Brief Description of Drawings

FIG. 1 is a hydraulic circuit diagram showing a hydraulic circuit of pump equipment 20 according to an embodiment of the present invention. is there.

2 is a front view schematically showing an inter-pump passage 110 formed in the pump device 21. FIG.

3 is a plan view schematically showing an inter-pump passage 110 formed in the pump device 21. FIG.

FIG. 4 is a hydraulic circuit diagram showing a hydraulic circuit of a pump facility 20A including hydraulic regulators 111 and 112.

FIG. 5 is a hydraulic circuit diagram showing a hydraulic circuit of a pump facility 2 provided with the electric regulator 1 of the first conventional technique.

Explanation of symbols

[0020] 20 Pumping equipment

21 Pumping device

22, 23 Pump unit

25, 26 Servo mechanism

80, 81 Electric Regulator

84 Servo selector valve

85 Noir Piston

86 Proportional solenoid valve

104 Input port

110 Passage between pumps

111, 112 Hydraulic Regulator

210 Drive oil passage

BEST MODE FOR CARRYING OUT THE INVENTION

Hereinafter, a plurality of embodiments for carrying out the present invention will be described with reference to the drawings. Parts corresponding to the matters described in the preceding forms in each form are denoted by the same reference numerals, and redundant explanation may be omitted. When only a part of the configuration is described, the other parts of the configuration are the same as those described above. In addition, it is possible to partially combine the embodiments as long as there is no hindrance to the yarn and the combination of the portions specifically described in each embodiment, in addition to the force of the yarn and the combination. .

FIG. 1 is a hydraulic circuit showing a hydraulic circuit of pump equipment 20 according to an embodiment of the present invention. FIG. The pumping equipment 20 which is a hydraulic equipment is mounted on, for example, an industrial machine and a construction machine, which are objects to be mounted, and supplies pressurized liquid to each actuator of the mounting object. The pump facility 20 includes a composite pump device called a tandem pump that is configured by combining two pump units. However, the composite pump device is not limited to a structure in which two pump parts are combined, and includes a structure in which three or more pump parts are combined. The two pump parts to be joined together are variable displacement piston pumps, which are swash plate type piston pumps in this embodiment. The pump facility 20 is further provided with electric regulators 80 and 81 for changing the capacity of the pump unit for each pump unit. Each electric regulator 80, 81, which is an electric signal input type capacity control device, changes the capacity of the provided pump unit based on the input electric signal.

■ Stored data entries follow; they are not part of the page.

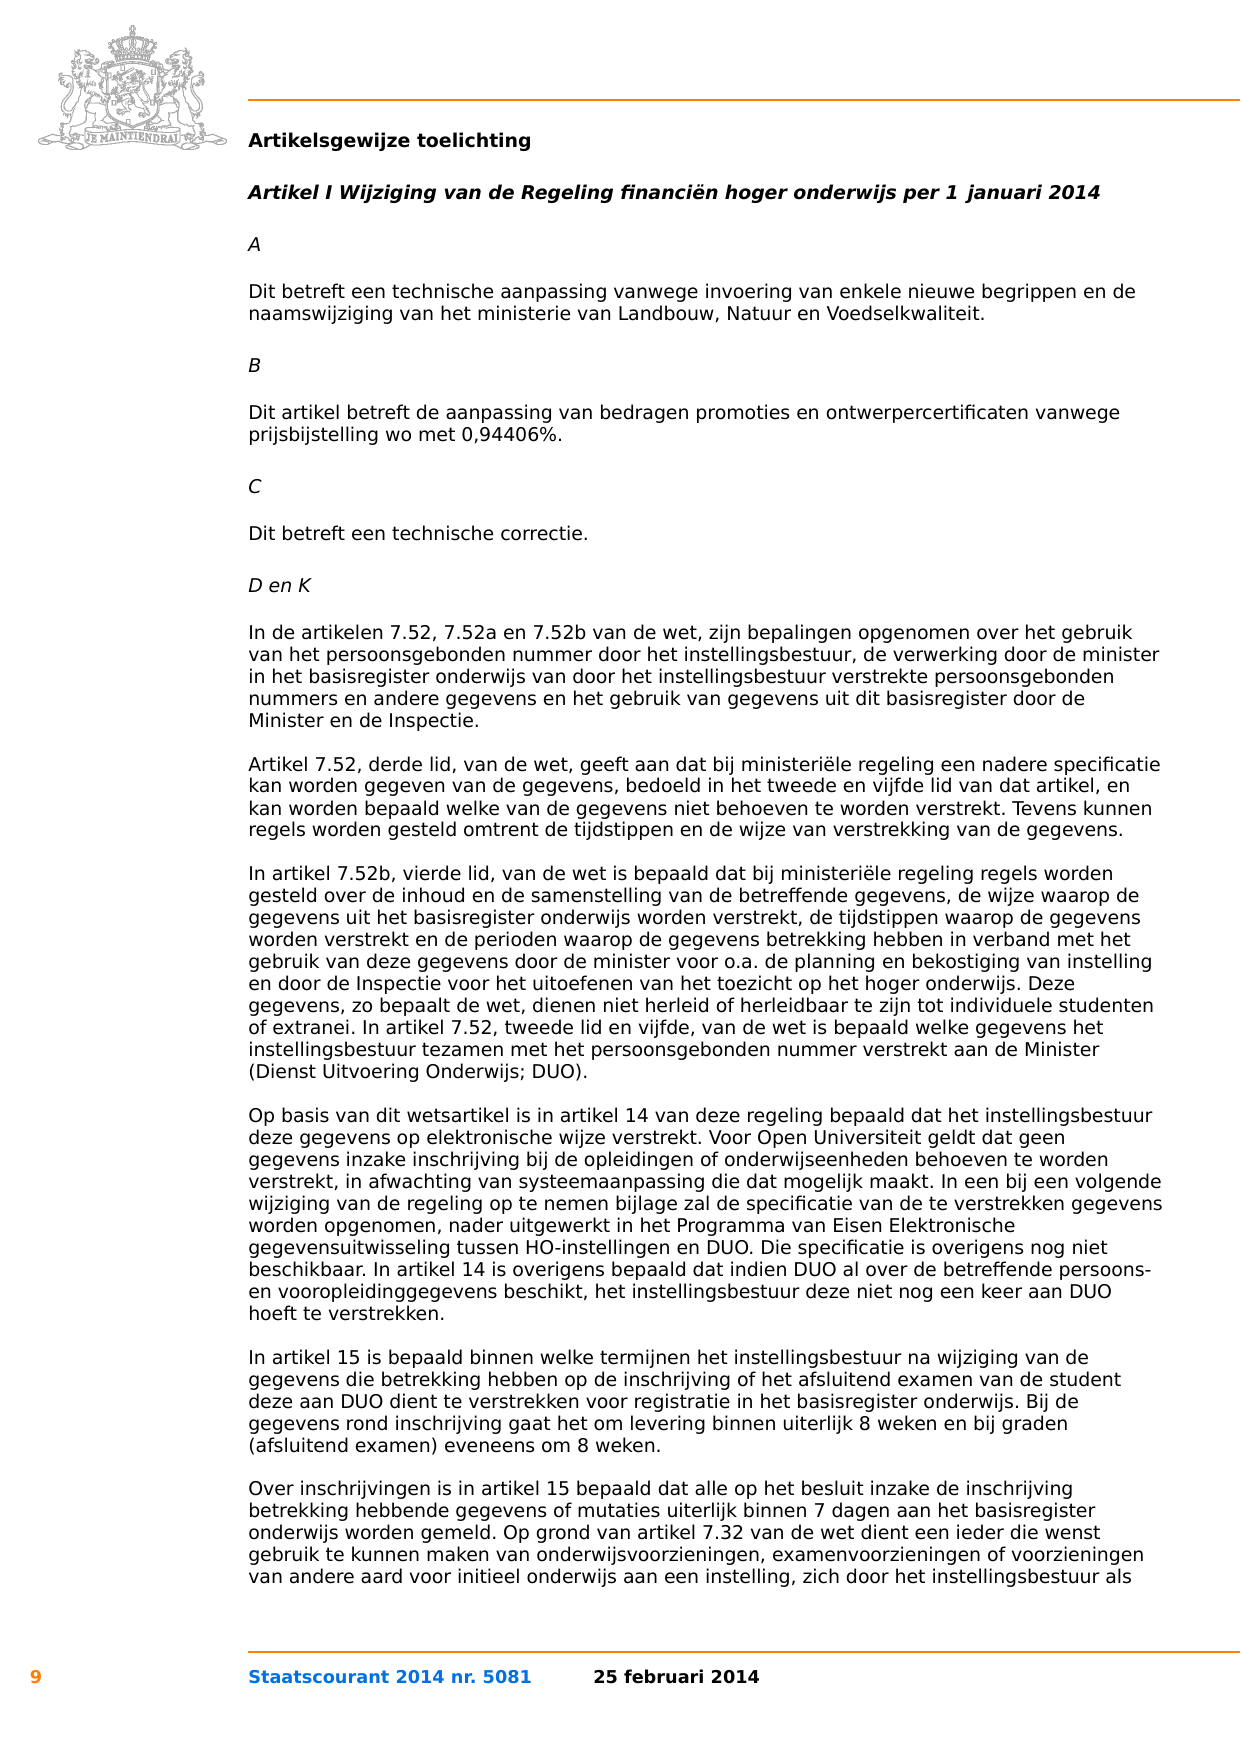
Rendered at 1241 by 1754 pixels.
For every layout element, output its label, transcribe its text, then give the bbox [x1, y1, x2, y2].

picture [38, 25, 227, 150]
subtitle D en K [248, 575, 1163, 597]
text Dit artikel betreft de aanpassing van bedragen promoties en ontwerpercertificaten vanwege prijsbijstelling wo met 0,94406%. [248, 402, 1163, 446]
text Dit betreft een technische correctie. [248, 523, 1163, 545]
subtitle B [248, 355, 1163, 377]
text In artikel 15 is bepaald binnen welke termijnen het instellingsbestuur na wijziging van de gegevens die betrekking hebben op de inschrijving of het afsluitend examen van de student deze aan DUO dient te verstrekken voor registratie in het basisregister onderwijs. Bij de gegevens rond inschrijving gaat het om levering binnen uiterlijk 8 weken en bij graden (afsluitend examen) eveneens om 8 weken. [248, 1347, 1163, 1456]
text Op basis van dit wetsartikel is in artikel 14 van deze regeling bepaald dat het instellingsbestuur deze gegevens op elektronische wijze verstrekt. Voor Open Universiteit geldt dat geen gegevens inzake inschrijving bij de opleidingen of onderwijseenheden behoeven te worden verstrekt, in afwachting van systeemaanpassing die dat mogelijk maakt. In een bij een volgende wijziging van de regeling op te nemen bijlage zal de specificatie van de te verstrekken gegevens worden opgenomen, nader uitgewerkt in het Programma van Eisen Elektronische gegevensuitwisseling tussen HO-instellingen en DUO. Die specificatie is overigens nog niet beschikbaar. In artikel 14 is overigens bepaald dat indien DUO al over de betreffende persoons- en vooropleidinggegevens beschikt, het instellingsbestuur deze niet nog een keer aan DUO hoeft te verstrekken. [248, 1105, 1163, 1325]
subtitle Artikelsgewijze toelichting [248, 130, 1163, 152]
text In artikel 7.52b, vierde lid, van de wet is bepaald dat bij ministeriële regeling regels worden gesteld over de inhoud en de samenstelling van de betreffende gegevens, de wijze waarop de gegevens uit het basisregister onderwijs worden verstrekt, de tijdstippen waarop de gegevens worden verstrekt en de perioden waarop de gegevens betrekking hebben in verband met het gebruik van deze gegevens door de minister voor o.a. de planning en bekostiging van instelling en door de Inspectie voor het uitoefenen van het toezicht op het hoger onderwijs. Deze gegevens, zo bepaalt de wet, dienen niet herleid of herleidbaar te zijn tot individuele studenten of extranei. In artikel 7.52, tweede lid en vijfde, van de wet is bepaald welke gegevens het instellingsbestuur tezamen met het persoonsgebonden nummer verstrekt aan de Minister (Dienst Uitvoering Onderwijs; DUO). [248, 863, 1163, 1083]
text In de artikelen 7.52, 7.52a en 7.52b van de wet, zijn bepalingen opgenomen over het gebruik van het persoonsgebonden nummer door het instellingsbestuur, de verwerking door de minister in het basisregister onderwijs van door het instellingsbestuur verstrekte persoonsgebonden nummers en andere gegevens en het gebruik van gegevens uit dit basisregister door de Minister en de Inspectie. [248, 622, 1163, 732]
subtitle A [248, 234, 1163, 256]
subtitle Artikel I Wijziging van de Regeling financiën hoger onderwijs per 1 januari 2014 [248, 182, 1163, 204]
subtitle C [248, 476, 1163, 498]
text Over inschrijvingen is in artikel 15 bepaald dat alle op het besluit inzake de inschrijving betrekking hebbende gegevens of mutaties uiterlijk binnen 7 dagen aan het basisregister onderwijs worden gemeld. Op grond van artikel 7.32 van de wet dient een ieder die wenst gebruik te kunnen maken van onderwijsvoorzieningen, examenvoorzieningen of voorzieningen van andere aard voor initieel onderwijs aan een instelling, zich door het instellingsbestuur als [248, 1478, 1163, 1588]
text Dit betreft een technische aanpassing vanwege invoering van enkele nieuwe begrippen en de naamswijziging van het ministerie van Landbouw, Natuur en Voedselkwaliteit. [248, 281, 1163, 325]
text Artikel 7.52, derde lid, van de wet, geeft aan dat bij ministeriële regeling een nadere specificatie kan worden gegeven van de gegevens, bedoeld in het tweede en vijfde lid van dat artikel, en kan worden bepaald welke van de gegevens niet behoeven te worden verstrekt. Tevens kunnen regels worden gesteld omtrent de tijdstippen en de wijze van verstrekking van de gegevens. [248, 753, 1163, 841]
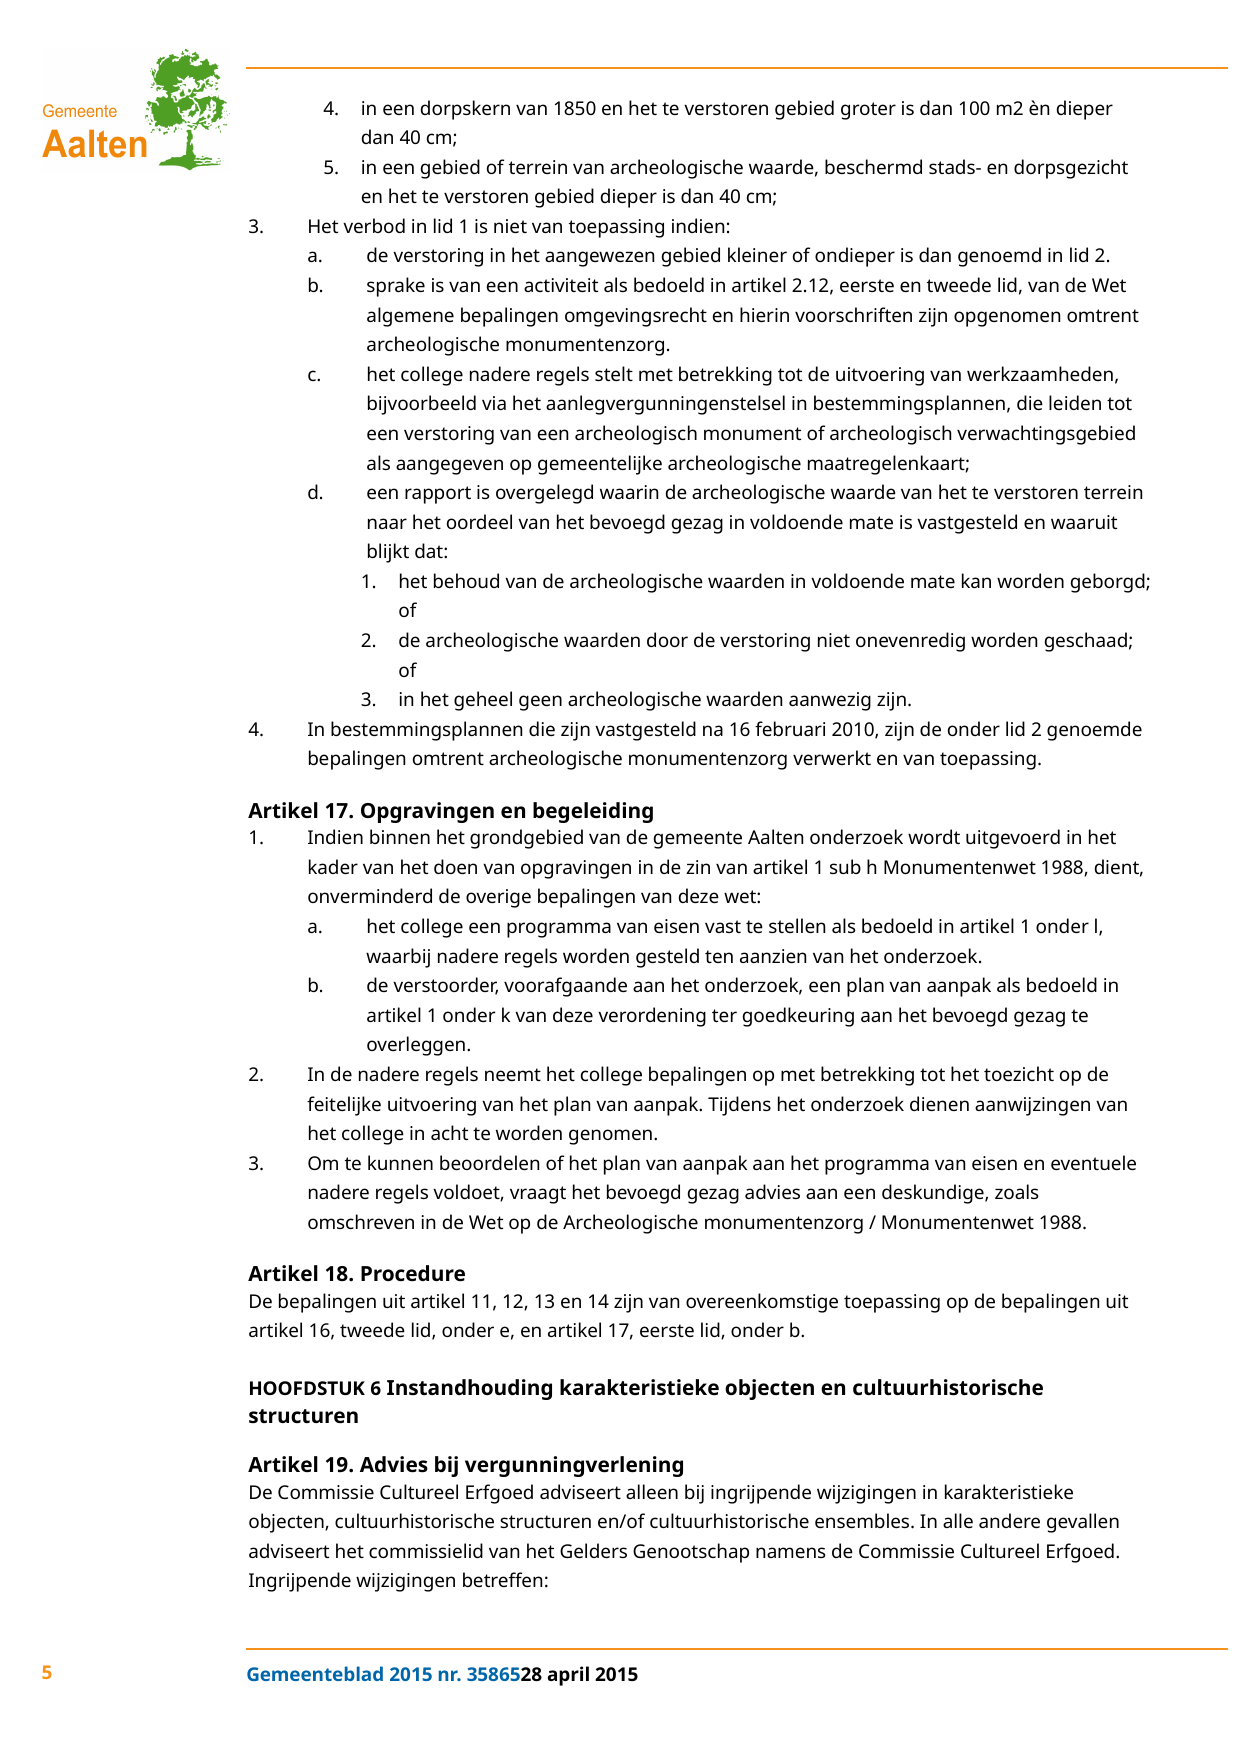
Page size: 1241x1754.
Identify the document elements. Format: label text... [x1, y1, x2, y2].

list sprake is van een activiteit als bedoeld in artikel 2.12, eerste en tweede lid, van de Wet algemene bepalingen omgevingsrecht en hierin voorschriften zijn opgenomen omtrent archeologische monumentenzorg. [307, 272, 1152, 357]
text De bepalingen uit artikel 11, 12, 13 en 14 zijn van overeenkomstige toepassing op de bepalingen uit artikel 16, tweede lid, onder e, en artikel 17, eerste lid, onder b. [248, 1288, 1152, 1343]
text Artikel 19. Advies bij vergunningverlening [248, 1451, 1152, 1479]
list Indien binnen het grondgebied van de gemeente Aalten onderzoek wordt uitgevoerd in het kader van het doen van opgravingen in de zin van artikel 1 sub h Monumentenwet 1988, dient, onverminderd de overige bepalingen van deze wet: [248, 824, 1152, 909]
list de verstoring in het aangewezen gebied kleiner of ondieper is dan genoemd in lid 2. [307, 243, 1152, 268]
list In de nadere regels neemt het college bepalingen op met betrekking tot het toezicht op de feitelijke uitvoering van het plan van aanpak. Tijdens het onderzoek dienen aanwijzingen van het college in acht te worden genomen. [248, 1061, 1152, 1146]
list In bestemmingsplannen die zijn vastgesteld na 16 februari 2010, zijn de onder lid 2 genoemde bepalingen omtrent archeologische monumentenzorg verwerkt en van toepassing. [248, 716, 1152, 771]
text Artikel 18. Procedure [248, 1259, 1152, 1288]
picture [41, 47, 231, 172]
text HOOFDSTUK 6 Instandhouding karakteristieke objecten en cultuurhistorische structuren [248, 1373, 1152, 1430]
list in een gebied of terrein van archeologische waarde, beschermd stads- en dorpsgezicht en het te verstoren gebied dieper is dan 40 cm; [323, 154, 1152, 209]
text Artikel 17. Opgravingen en begeleiding [248, 796, 1152, 824]
list de archeologische waarden door de verstoring niet onevenredig worden geschaad; of [361, 627, 1152, 683]
list Het verbod in lid 1 is niet van toepassing indien: [248, 213, 1152, 239]
text Ingrijpende wijzigingen betreffen: [248, 1568, 1152, 1593]
list de verstoorder, voorafgaande aan het onderzoek, een plan van aanpak als bedoeld in artikel 1 onder k van deze verordening ter goedkeuring aan het bevoegd gezag te overleggen. [307, 972, 1152, 1057]
list het behoud van de archeologische waarden in voldoende mate kan worden geborgd; of [361, 568, 1152, 623]
list in een dorpskern van 1850 en het te verstoren gebied groter is dan 100 m2 èn dieper dan 40 cm; [323, 95, 1152, 150]
text De Commissie Cultureel Erfgoed adviseert alleen bij ingrijpende wijzigingen in karakteristieke objecten, cultuurhistorische structuren en/of cultuurhistorische ensembles. In alle andere gevallen adviseert het commissielid van het Gelders Genootschap namens de Commissie Cultureel Erfgoed. [248, 1479, 1152, 1564]
list Om te kunnen beoordelen of het plan van aanpak aan het programma van eisen en eventuele nadere regels voldoet, vraagt het bevoegd gezag advies aan een deskundige, zoals omschreven in de Wet op de Archeologische monumentenzorg / Monumentenwet 1988. [248, 1150, 1152, 1235]
list het college een programma van eisen vast te stellen als bedoeld in artikel 1 onder l, waarbij nadere regels worden gesteld ten aanzien van het onderzoek. [307, 913, 1152, 968]
list een rapport is overgelegd waarin de archeologische waarde van het te verstoren terrein naar het oordeel van het bevoegd gezag in voldoende mate is vastgesteld en waaruit blijkt dat: [307, 479, 1152, 564]
list in het geheel geen archeologische waarden aanwezig zijn. [361, 686, 1152, 712]
list het college nadere regels stelt met betrekking tot de uitvoering van werkzaamheden, bijvoorbeeld via het aanlegvergunningenstelsel in bestemmingsplannen, die leiden tot een verstoring van een archeologisch monument of archeologisch verwachtingsgebied als aangegeven op gemeentelijke archeologische maatregelenkaart; [307, 361, 1152, 476]

The pump equipment 20 includes a pump device 21 including two pump units 22 and 23, a valve unit 24 and two servo mechanisms 25 and 26, and two electric regulators 80 and 81. The pump units 22 and 23, which are hydraulic devices, and the valve unit 24 are provided on the same axis, and the axial force of the pump units 22 and 23 and the valve unit 24 is the axis L21 of the pump device 21. The pump units 22, 23 and the valve unit 24 are arranged along the axis L21 of the pump device 21 so as to sandwich the valve unit 24 by the pump units 22, 23, and are connected to each other. The servo mechanisms 25 and 26 that are capacity changing mechanisms are provided in the pump units 22 and 23, respectively. Each electric regulator 80, 81 is provided on the upper side of each pump unit 22, 23 and is connected to each pump unit 22, 23.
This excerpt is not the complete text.